Entries supplied:

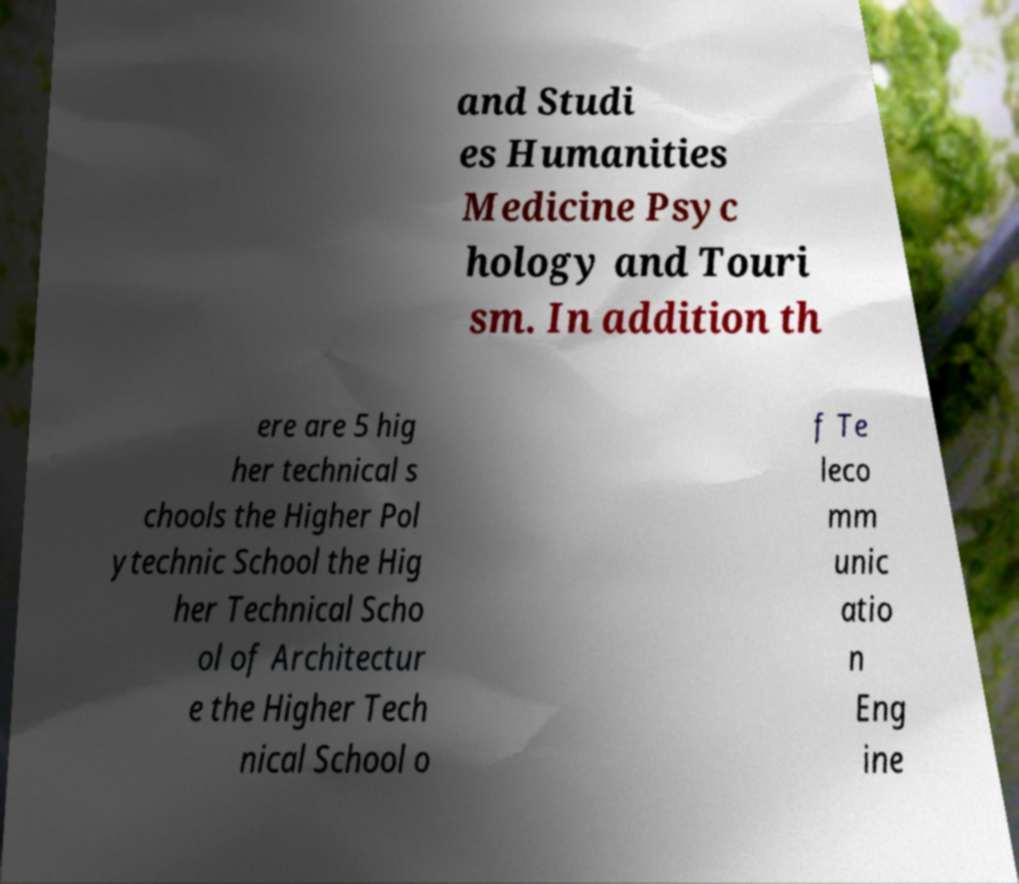Could you extract and type out the text from this image? and Studi es Humanities Medicine Psyc hology and Touri sm. In addition th ere are 5 hig her technical s chools the Higher Pol ytechnic School the Hig her Technical Scho ol of Architectur e the Higher Tech nical School o f Te leco mm unic atio n Eng ine 
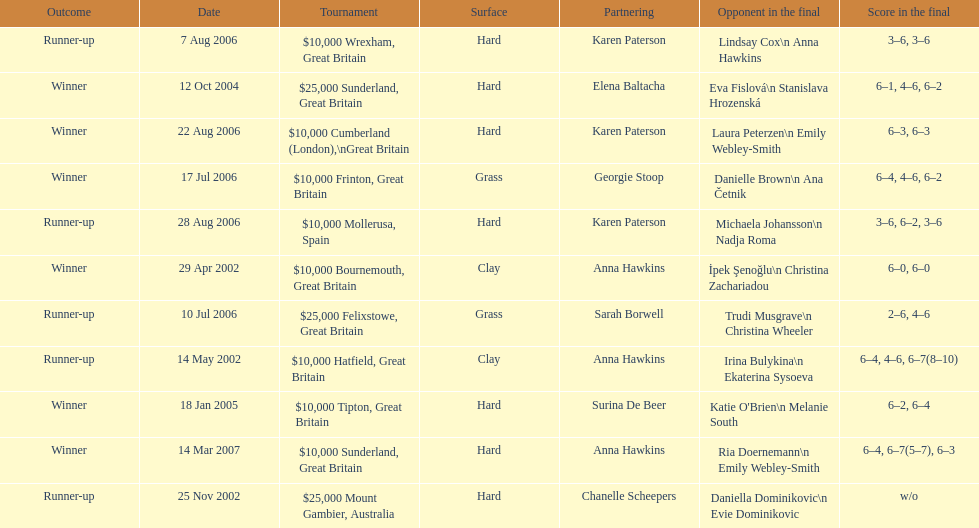How many were played on a hard surface? 7. Parse the table in full. {'header': ['Outcome', 'Date', 'Tournament', 'Surface', 'Partnering', 'Opponent in the final', 'Score in the final'], 'rows': [['Runner-up', '7 Aug 2006', '$10,000 Wrexham, Great Britain', 'Hard', 'Karen Paterson', 'Lindsay Cox\\n Anna Hawkins', '3–6, 3–6'], ['Winner', '12 Oct 2004', '$25,000 Sunderland, Great Britain', 'Hard', 'Elena Baltacha', 'Eva Fislová\\n Stanislava Hrozenská', '6–1, 4–6, 6–2'], ['Winner', '22 Aug 2006', '$10,000 Cumberland (London),\\nGreat Britain', 'Hard', 'Karen Paterson', 'Laura Peterzen\\n Emily Webley-Smith', '6–3, 6–3'], ['Winner', '17 Jul 2006', '$10,000 Frinton, Great Britain', 'Grass', 'Georgie Stoop', 'Danielle Brown\\n Ana Četnik', '6–4, 4–6, 6–2'], ['Runner-up', '28 Aug 2006', '$10,000 Mollerusa, Spain', 'Hard', 'Karen Paterson', 'Michaela Johansson\\n Nadja Roma', '3–6, 6–2, 3–6'], ['Winner', '29 Apr 2002', '$10,000 Bournemouth, Great Britain', 'Clay', 'Anna Hawkins', 'İpek Şenoğlu\\n Christina Zachariadou', '6–0, 6–0'], ['Runner-up', '10 Jul 2006', '$25,000 Felixstowe, Great Britain', 'Grass', 'Sarah Borwell', 'Trudi Musgrave\\n Christina Wheeler', '2–6, 4–6'], ['Runner-up', '14 May 2002', '$10,000 Hatfield, Great Britain', 'Clay', 'Anna Hawkins', 'Irina Bulykina\\n Ekaterina Sysoeva', '6–4, 4–6, 6–7(8–10)'], ['Winner', '18 Jan 2005', '$10,000 Tipton, Great Britain', 'Hard', 'Surina De Beer', "Katie O'Brien\\n Melanie South", '6–2, 6–4'], ['Winner', '14 Mar 2007', '$10,000 Sunderland, Great Britain', 'Hard', 'Anna Hawkins', 'Ria Doernemann\\n Emily Webley-Smith', '6–4, 6–7(5–7), 6–3'], ['Runner-up', '25 Nov 2002', '$25,000 Mount Gambier, Australia', 'Hard', 'Chanelle Scheepers', 'Daniella Dominikovic\\n Evie Dominikovic', 'w/o']]} 
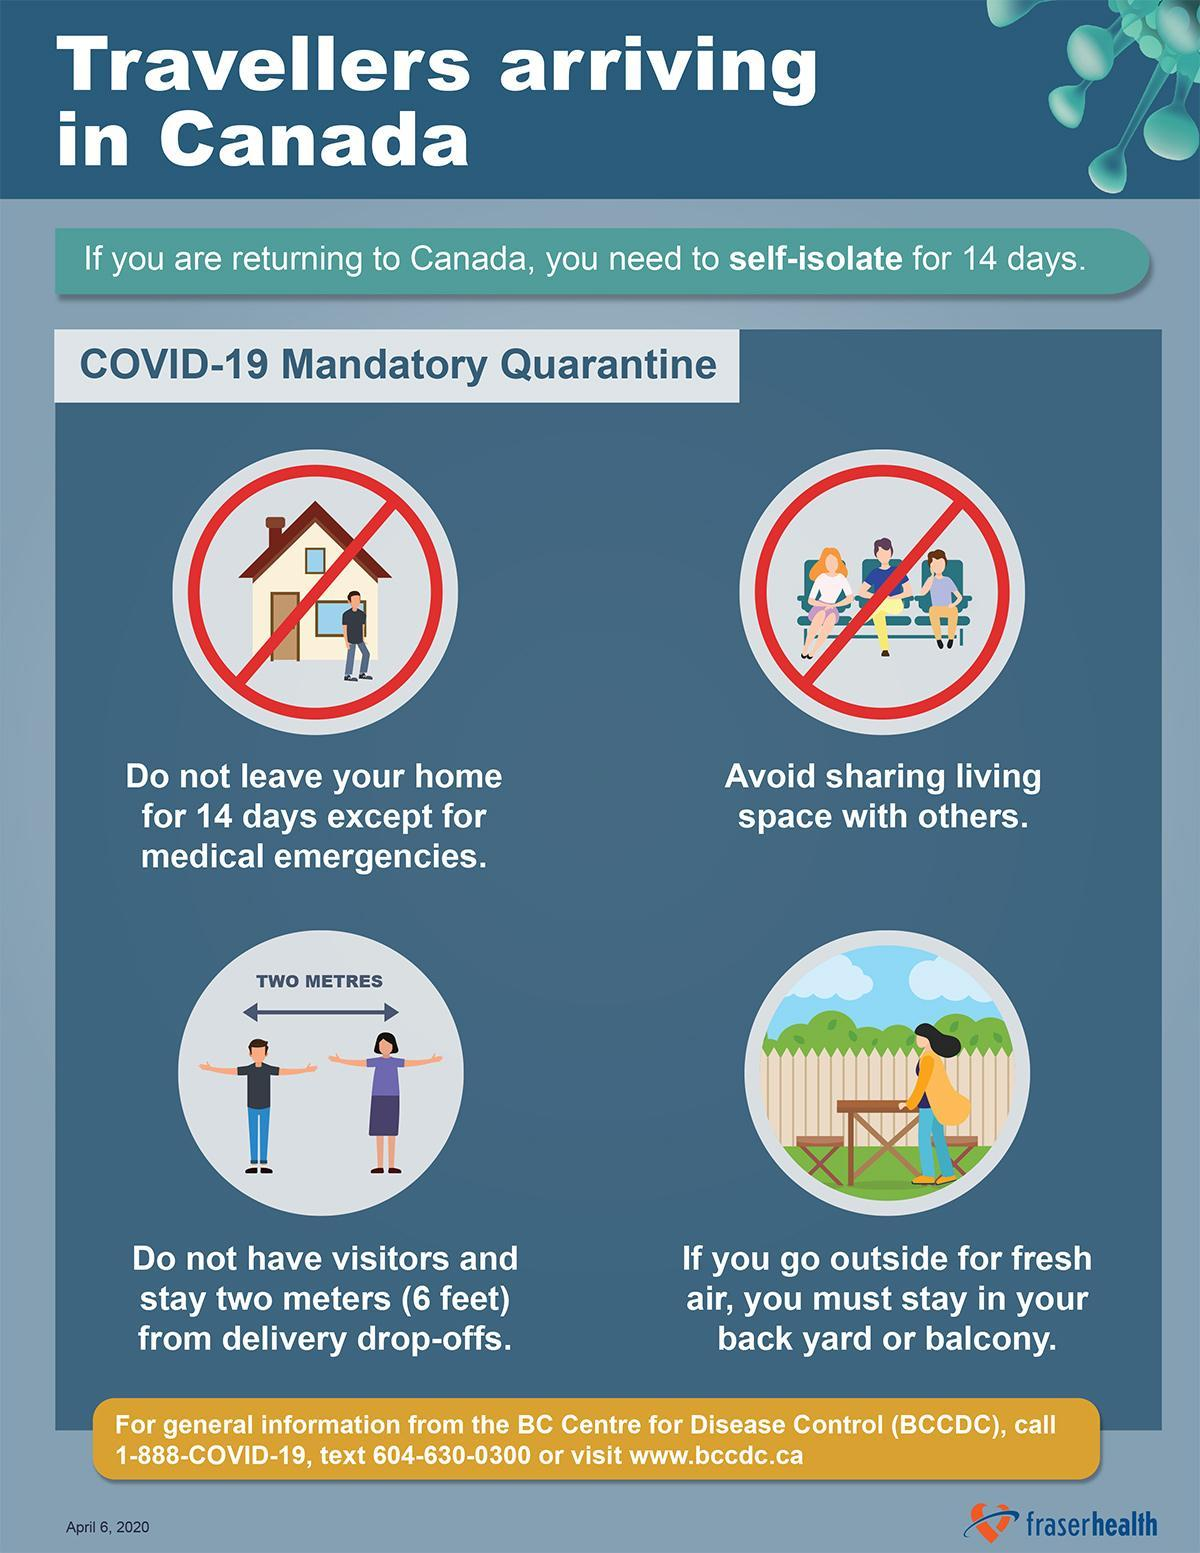How many do's are mentioned in this infographic image?
Answer the question with a short phrase. 2 How many don'ts are mentioned  in this infographic image? 2 
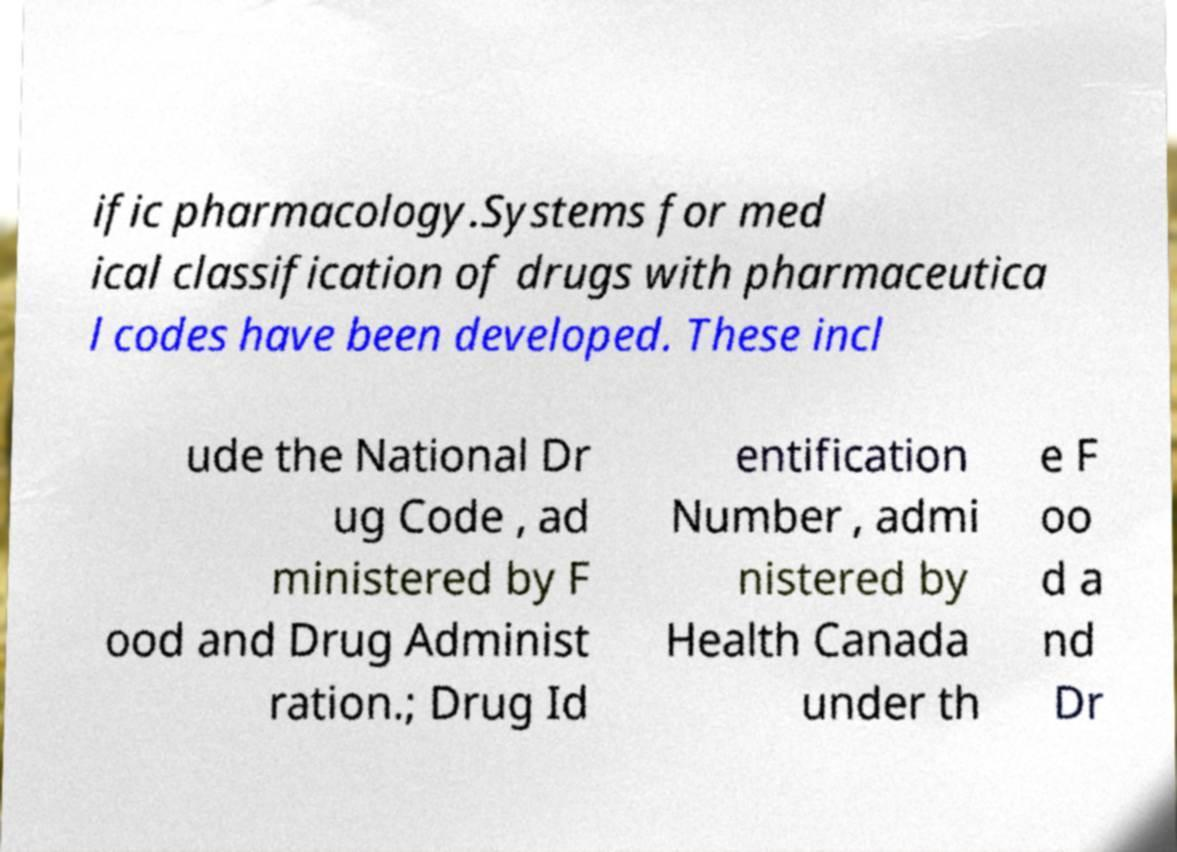What messages or text are displayed in this image? I need them in a readable, typed format. ific pharmacology.Systems for med ical classification of drugs with pharmaceutica l codes have been developed. These incl ude the National Dr ug Code , ad ministered by F ood and Drug Administ ration.; Drug Id entification Number , admi nistered by Health Canada under th e F oo d a nd Dr 
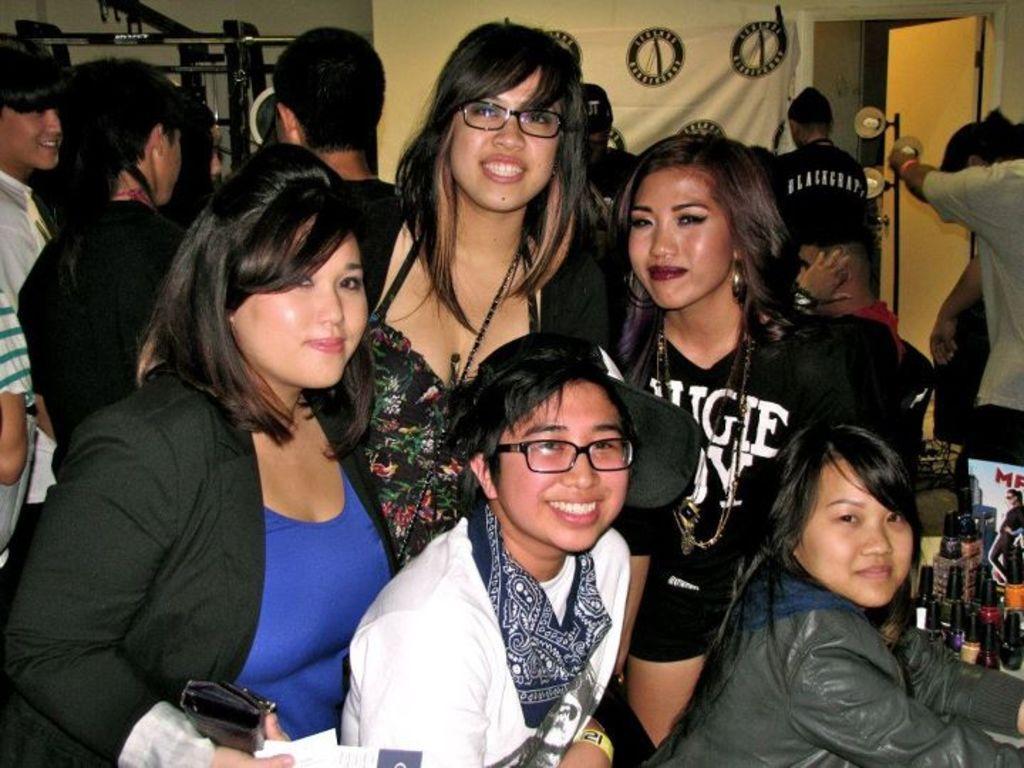Please provide a concise description of this image. In the foreground of the picture I can see a few women and there is a smile on their face. I can see the makeup cosmetics on the bottom right side of the picture. It is looking like a door on the top right side. It is looking like a banner cloth at the top of the picture. 
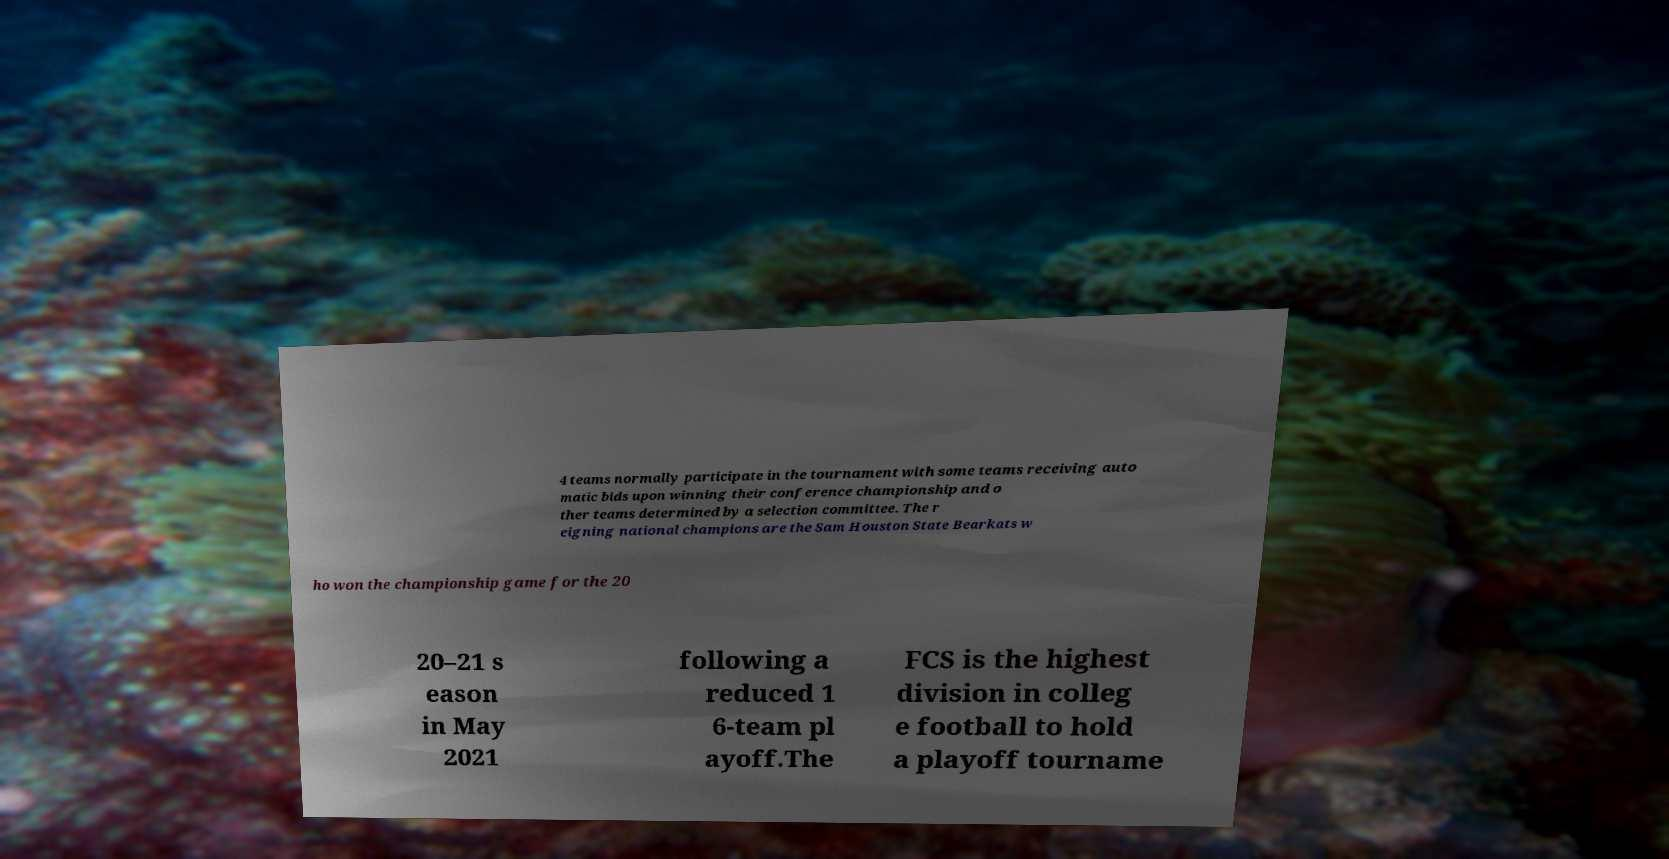Please identify and transcribe the text found in this image. 4 teams normally participate in the tournament with some teams receiving auto matic bids upon winning their conference championship and o ther teams determined by a selection committee. The r eigning national champions are the Sam Houston State Bearkats w ho won the championship game for the 20 20–21 s eason in May 2021 following a reduced 1 6-team pl ayoff.The FCS is the highest division in colleg e football to hold a playoff tourname

To do:
Reproduce, exactly and only, the lines of the records above starting at the line with "How many do's" and ending at the line with "Answer the question", both included. Leave every picture out.

Reply to the task:
How many do's are mentioned in this infographic image?
Answer the question with a short phrase. 2 How many don'ts are mentioned  in this infographic image? 2 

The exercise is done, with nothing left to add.